Dan thanks for the reply. My lathe is a 11" Standard Modern to use the taper attachment you remove the fastener for the crossfeed screw and use the compound to advace the cutter. My concern is a method that I can use to setup the taper attachment angle. In the past I would just sweep an object that included the correct angle using a dial indicator and adjusting the taper attachment to obtain a 0.0" difference.

Jack


----------



## djc (Jan 3, 2011)

metaldestroyer  said:
			
		

> ...I would appreciate some suggestions regarding the best method of setting up a taper attachment to achieve an accurate angle.

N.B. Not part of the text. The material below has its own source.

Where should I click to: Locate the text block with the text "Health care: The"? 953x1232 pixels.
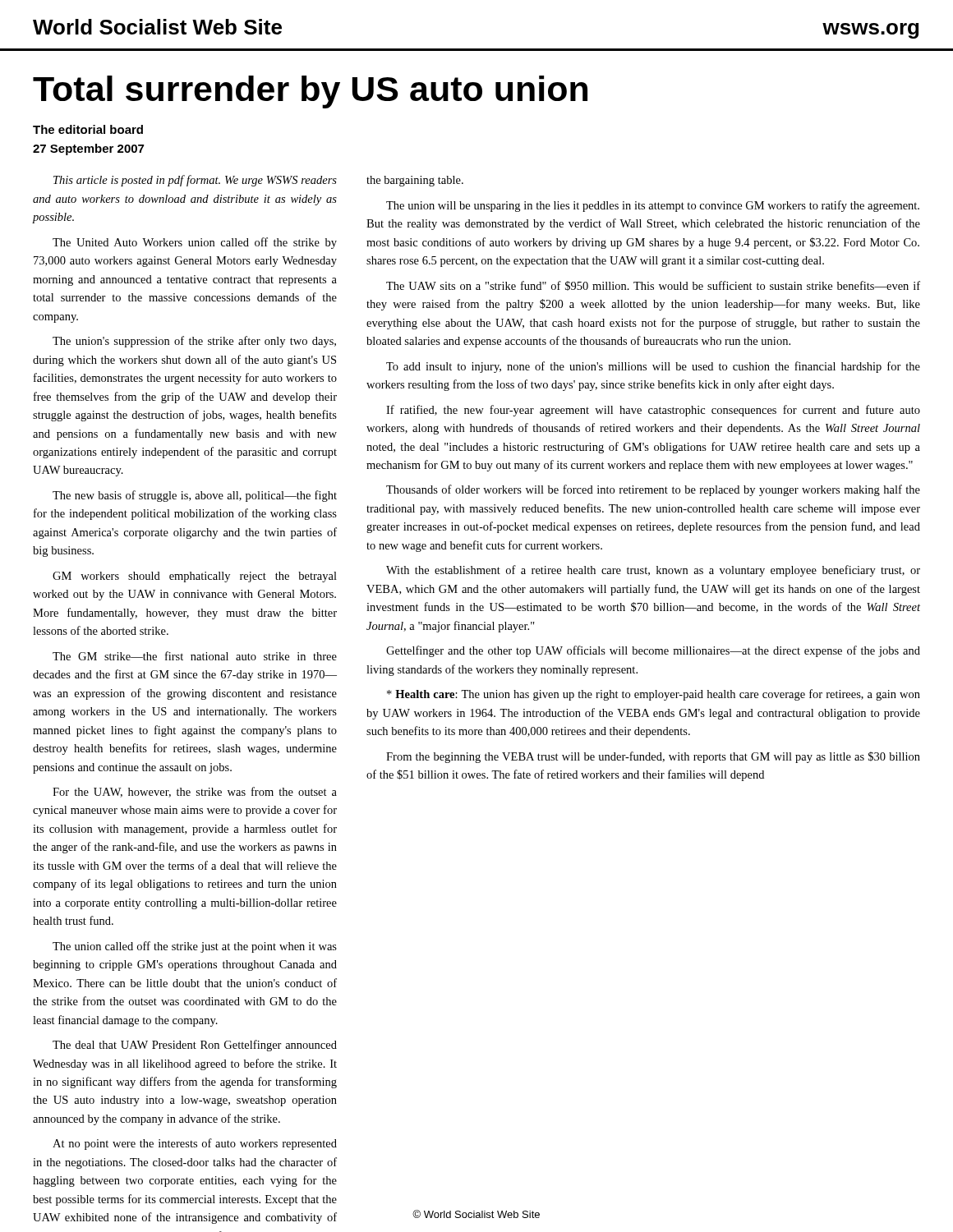click(643, 713)

Easiest way is to find something with the same taper you are trying to cut. Chuck it up and dial it in so it runs true. Then adjust your taper attachment so that when you traverse the item, the DTI registers no movement.

If you have a sine bar, chuck up a straight, parallel round bar and dial it in true. Rest your sine bar against this with the appropriate spacers under one end and clock along the top (side) of the sine bar. This requires a couple of extra hands so you have to do a bit of creative 'propping up' or you can make a simple clamp to (lightly) secure the sine bar in the right place.

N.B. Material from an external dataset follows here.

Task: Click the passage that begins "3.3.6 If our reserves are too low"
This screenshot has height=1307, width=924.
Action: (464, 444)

If you read Guy Lautard's stuff, you will see that for the type of work we do, you don't need to worry unduly about the exact thickness of the spacers. The nearest thousandth of an inch is ample (accurate to about 40 seconds of arc).


----------



## Dan Rowe (Jan 3, 2011)

I have never attempted this but if your taper attachment has a flat spot to lightly clamp the sine bar to with the angle in the vertical direction if top angle face is set parallel to the taper slide the normal flat or bottom face can be arranged to be parallel to a fixed dial indicator on the bed ways.

Dan


----------



## Ed T (Jan 3, 2011)

Since the taper you need to make is short, you may want to consider using the angle adjustment on the cross slide. Many of the same set up issues, but less of a hassle. That is one where I think I would play around with the setup on a piece of scrap with some blueing (magic marker) regardless of how you choose to do it.


----------



## Peter. (Jan 3, 2011)

I don't have a taper attachment, so what I do is set the compound to the angle as shown on the cross-slide. This gets it somewhere near. I put a piece of bar in the chuck, or between centres, and mount a dial indicator to the compound and set it on centre height, level and square to the bar. 
Now I choose a distance to wind the compound, say 50mm, and this is the hypotenuse of a triangle described by the cross-slide, the bar and the compound. Knowing the angle I need and the length of the hypotenuse I use trig to calculate the amount the dial should move as I wind the compound 50mm. I just keep winding back and forth 50mm making small adjustments until I hit that figure then I know it's good. You have to start off with it quite close so that you don't generate errors by moving the compound too far and making the dial indicator out of square.


----------